Listed entries section start

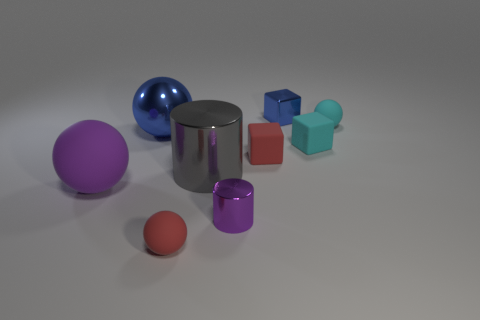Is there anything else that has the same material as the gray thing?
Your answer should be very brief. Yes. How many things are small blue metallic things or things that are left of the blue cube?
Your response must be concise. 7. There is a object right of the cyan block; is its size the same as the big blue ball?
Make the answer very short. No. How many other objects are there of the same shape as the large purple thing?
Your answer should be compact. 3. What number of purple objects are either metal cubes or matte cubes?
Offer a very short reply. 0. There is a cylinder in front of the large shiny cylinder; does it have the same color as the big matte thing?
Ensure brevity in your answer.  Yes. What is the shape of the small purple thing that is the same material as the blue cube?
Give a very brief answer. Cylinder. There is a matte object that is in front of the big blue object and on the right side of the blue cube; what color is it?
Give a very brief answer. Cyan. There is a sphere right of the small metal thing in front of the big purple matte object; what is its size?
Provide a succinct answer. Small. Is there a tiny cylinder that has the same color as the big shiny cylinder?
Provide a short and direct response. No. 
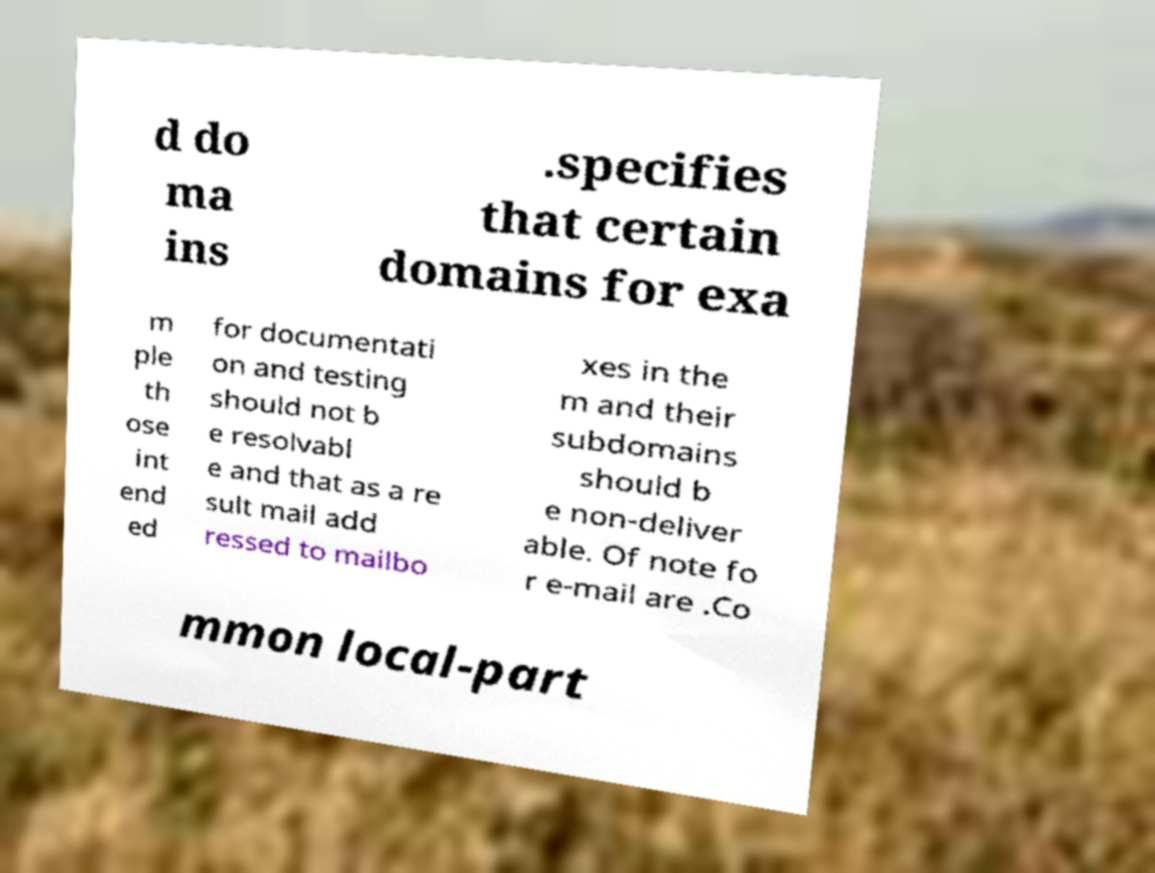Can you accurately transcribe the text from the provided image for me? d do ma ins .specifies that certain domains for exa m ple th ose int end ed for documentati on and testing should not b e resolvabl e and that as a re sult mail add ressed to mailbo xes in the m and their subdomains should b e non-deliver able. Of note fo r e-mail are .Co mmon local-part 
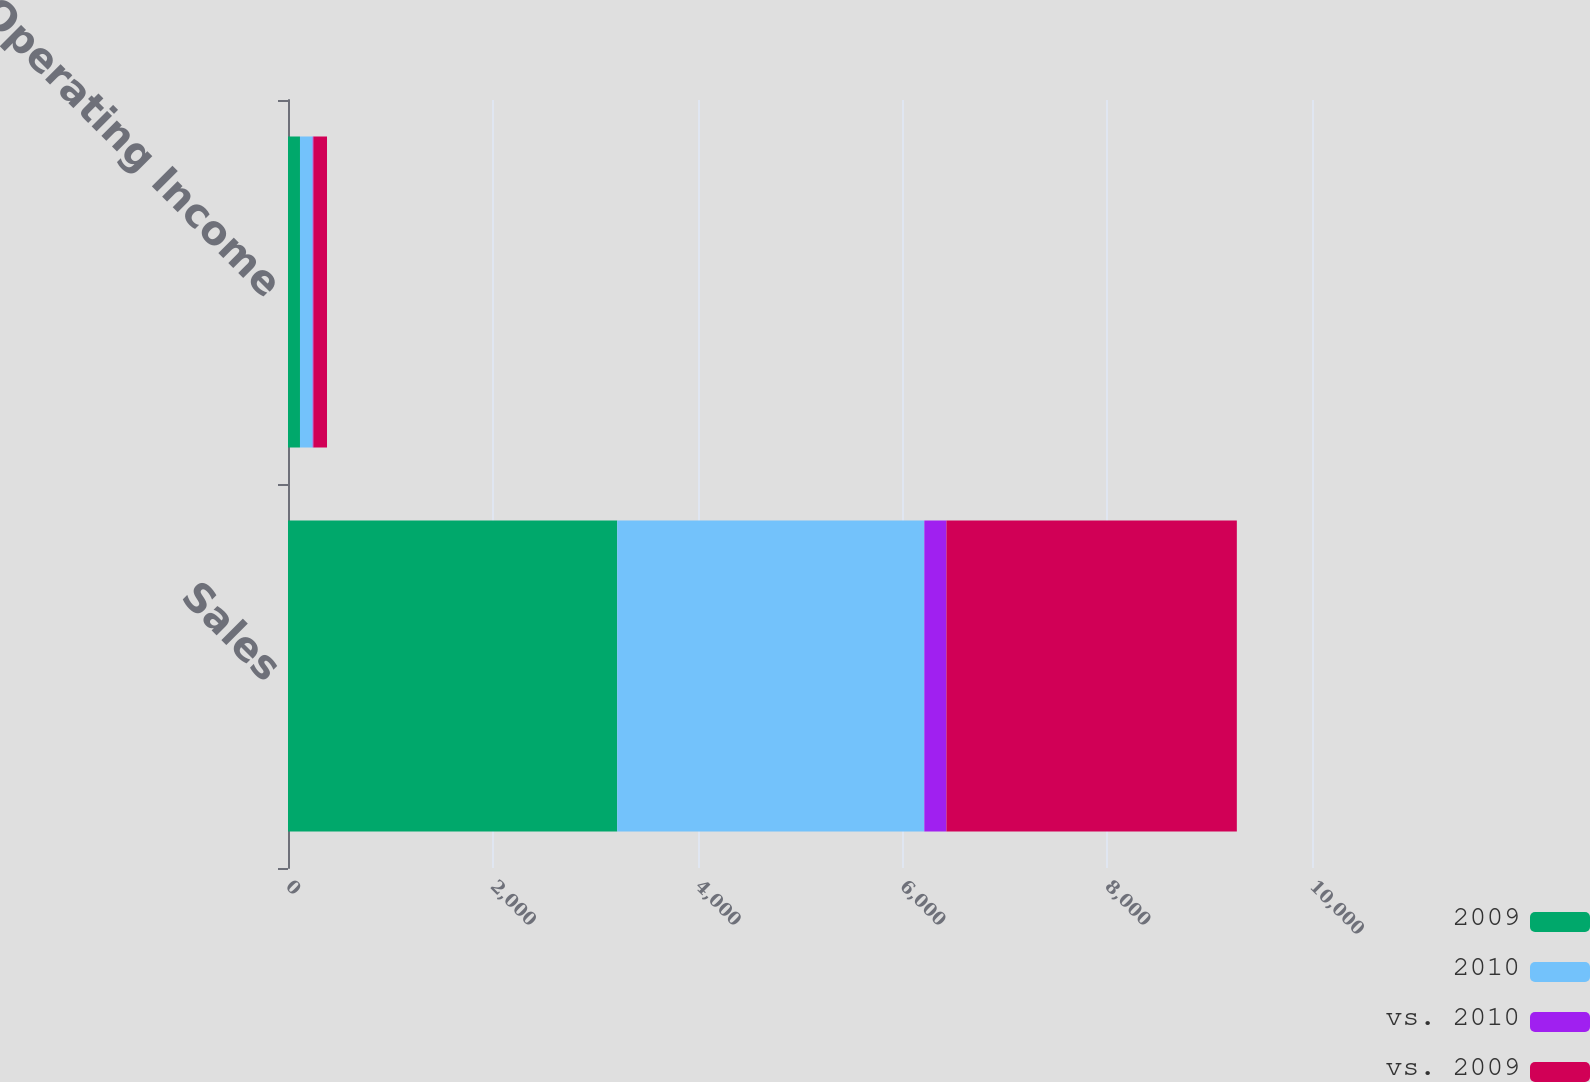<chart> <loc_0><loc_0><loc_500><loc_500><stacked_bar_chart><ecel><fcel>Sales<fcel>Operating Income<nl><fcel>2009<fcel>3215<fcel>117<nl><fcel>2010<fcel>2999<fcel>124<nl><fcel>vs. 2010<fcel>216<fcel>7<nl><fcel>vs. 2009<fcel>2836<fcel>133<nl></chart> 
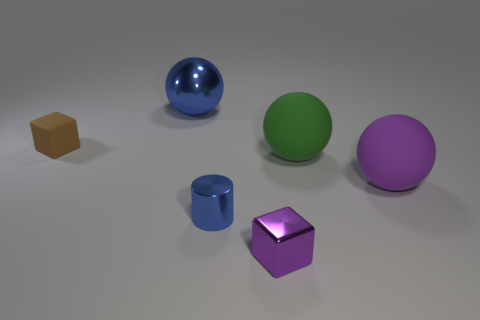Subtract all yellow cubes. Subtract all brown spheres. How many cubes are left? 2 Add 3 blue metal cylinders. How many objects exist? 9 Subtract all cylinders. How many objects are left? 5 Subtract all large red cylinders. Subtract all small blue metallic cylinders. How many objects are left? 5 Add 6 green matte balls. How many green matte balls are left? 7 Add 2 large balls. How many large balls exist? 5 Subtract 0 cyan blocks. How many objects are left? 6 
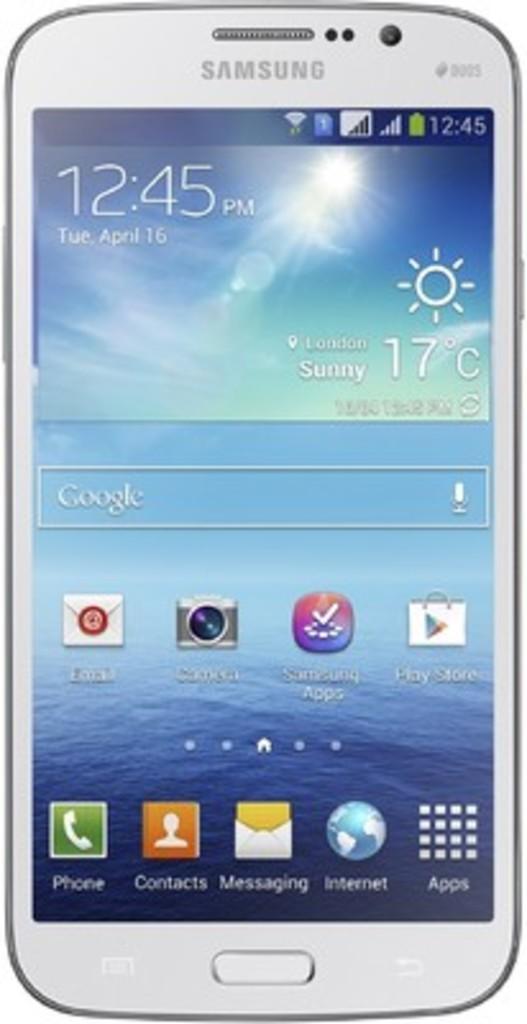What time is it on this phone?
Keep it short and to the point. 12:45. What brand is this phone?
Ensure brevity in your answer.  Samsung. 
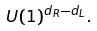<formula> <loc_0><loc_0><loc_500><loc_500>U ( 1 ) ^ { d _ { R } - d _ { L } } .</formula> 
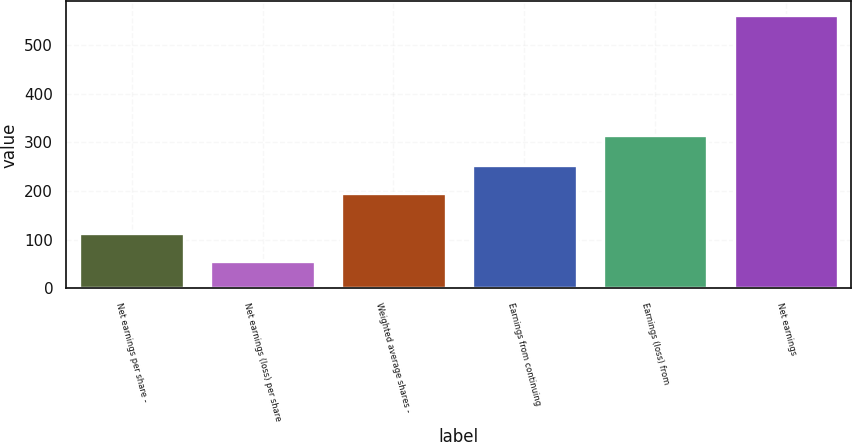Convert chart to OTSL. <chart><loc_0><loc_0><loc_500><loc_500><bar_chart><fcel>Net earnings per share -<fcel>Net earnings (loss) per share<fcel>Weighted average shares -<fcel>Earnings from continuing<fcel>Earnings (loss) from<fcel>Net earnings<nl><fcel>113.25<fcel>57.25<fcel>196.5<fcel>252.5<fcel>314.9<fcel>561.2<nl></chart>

Listed entries section end

**What you are asked to do**
Taking the entries above, extract every line from the one bearing "Provide a succinct" through the one bearing "Can you accurately", exactly, with no pictures.

**Reply**
Provide a succinct answer. Small. Is there a tiny cylinder that has the same color as the big shiny cylinder?
Provide a short and direct response. No. 
Can you accurately transcribe the text from the provided image for me? d do ma ins .specifies that certain domains for exa m ple th ose int end ed for documentati on and testing should not b e resolvabl e and that as a re sult mail add ressed to mailbo xes in the m and their subdomains should b e non-deliver able. Of note fo r e-mail are .Co mmon local-part 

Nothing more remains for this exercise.